# My favourite clock got better?



## Daveyboyz (Mar 9, 2016)

The Jeager LeCoutre Atmos is an amazing invention... long before solar or quartz they produced a clock you didn't have to wind...powered by the fluctuations of temperature that occur in any house. Its an innovative idea and they manufactured these clocks so effectively and efficiently that I fell in love with them.










There have been may tweeks over the years...the glass cover changed for a glass door instead, some bigger and smaller versions...and a few more unusual designs that you couldn't see through but there you have the basic Atmos. Now they have reinvented and produce the Newson 568 model. It certainly looks modern, maybe too modern for my liking but its good to see the boundaries being pushed.

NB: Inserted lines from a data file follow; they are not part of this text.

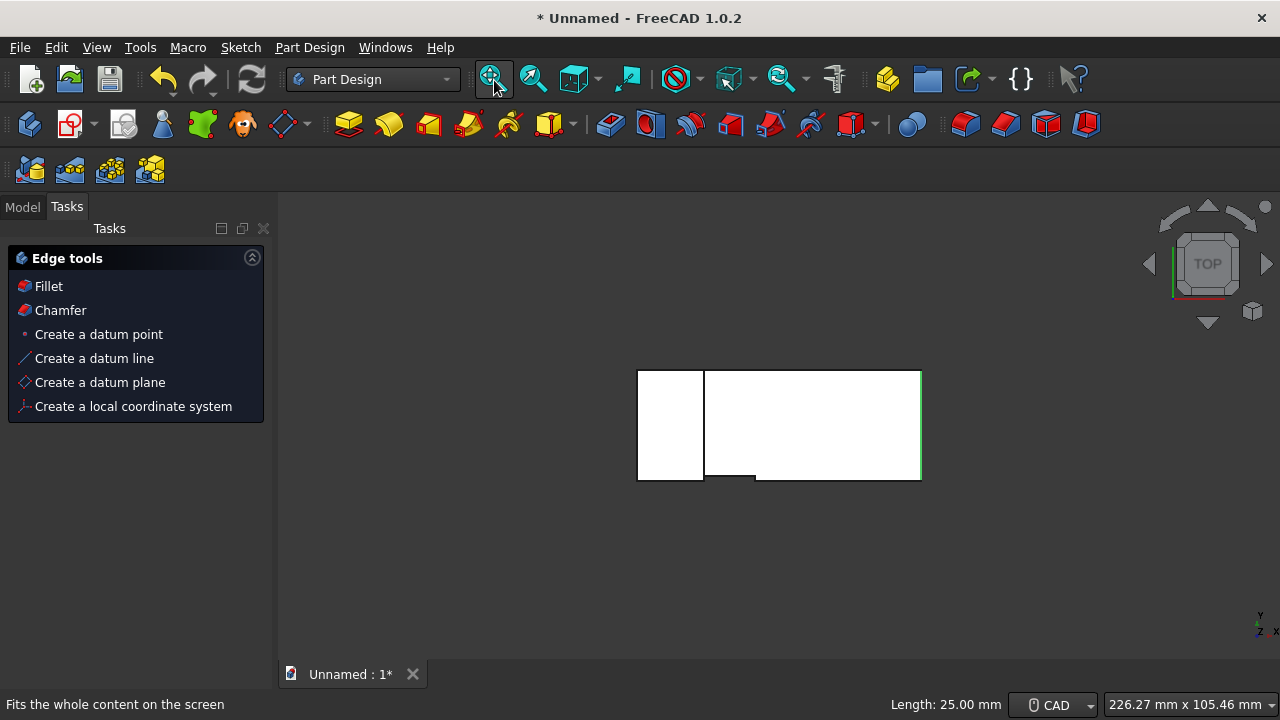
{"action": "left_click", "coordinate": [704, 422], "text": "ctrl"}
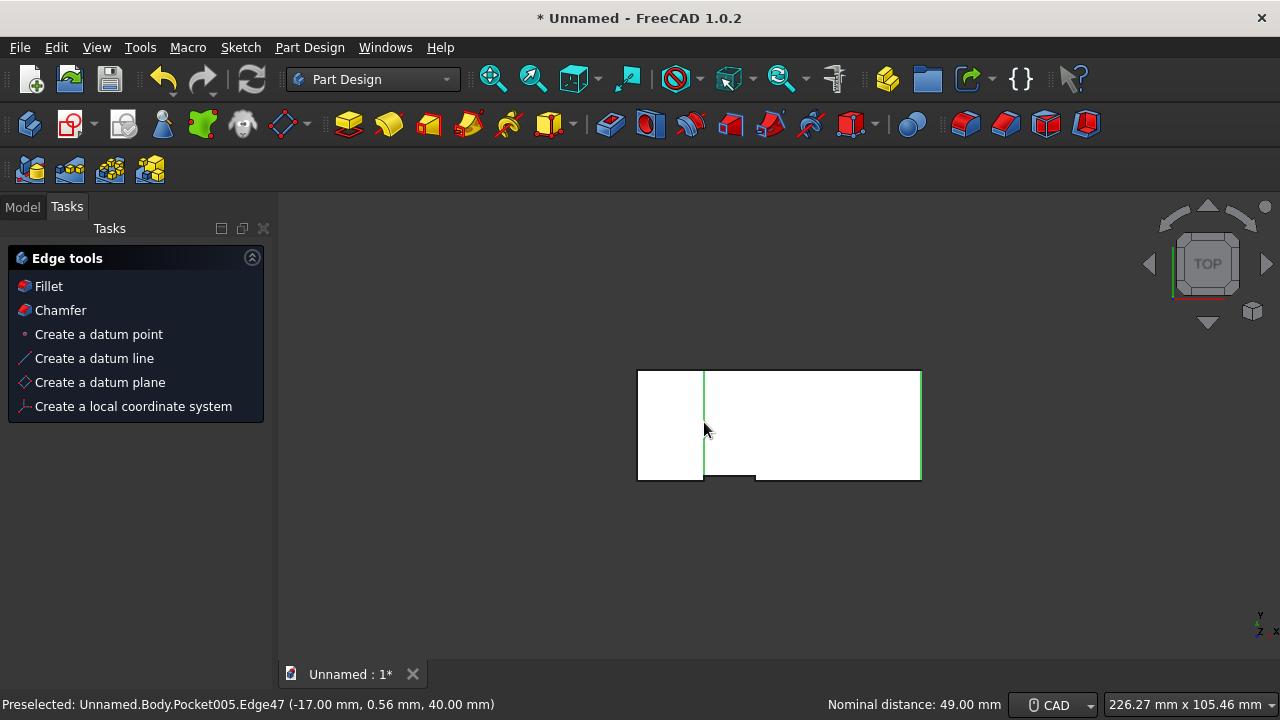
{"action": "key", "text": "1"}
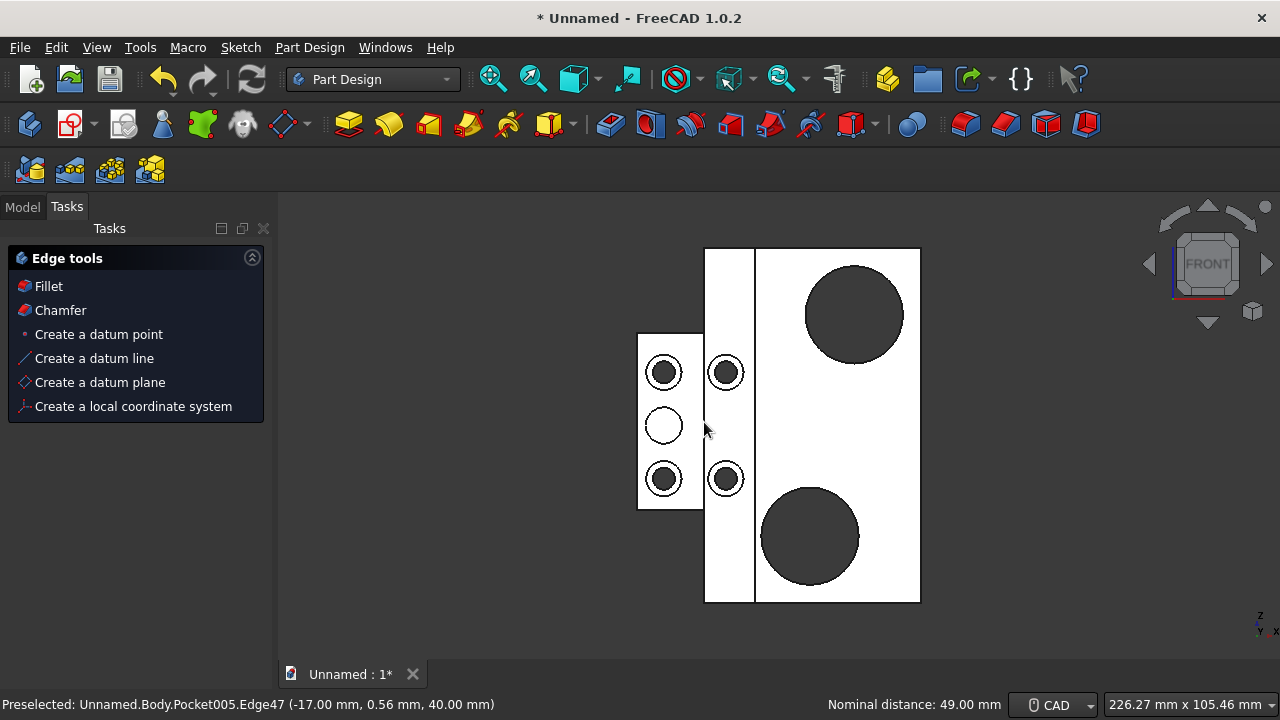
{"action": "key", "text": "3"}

What do you think of that?


----------



## SBryantgb (Jul 2, 2015)

if Apple made clocks :yes:


----------



## Daveyboyz (Mar 9, 2016)

If Apple made it then it would be double the price and half as good...


----------



## dobra (Aug 20, 2009)

Here is another model, but not sure which one. Taken from an advert. Fabulous!


----------



## harryblakes7 (Oct 1, 2010)

Daveyboyz said:


> The Jeager LeCoutre Atmos is an amazing invention... long before solar or quartz they produced a clock you didn't have to wind...powered by the fluctuations of temperature that occur in any house. Its an innovative idea and they manufactured these clocks so effectively and efficiently that I fell in love with them.
> 
> 
> 
> ...


 They are lovely clocks, i have just got the full service manuals for them as they are a derivative of the anniversary clock in some respects. The older models have the full set of larger jewels in them, and the early art deco versions and "pre" JLC ones by Reutter are highly valued


----------



## Daveyboyz (Mar 9, 2016)

I have a late 1950's (I think) calibre 528-6 with a serial number 103,000... any clue if that has the larger jewels? What are they ruby?


----------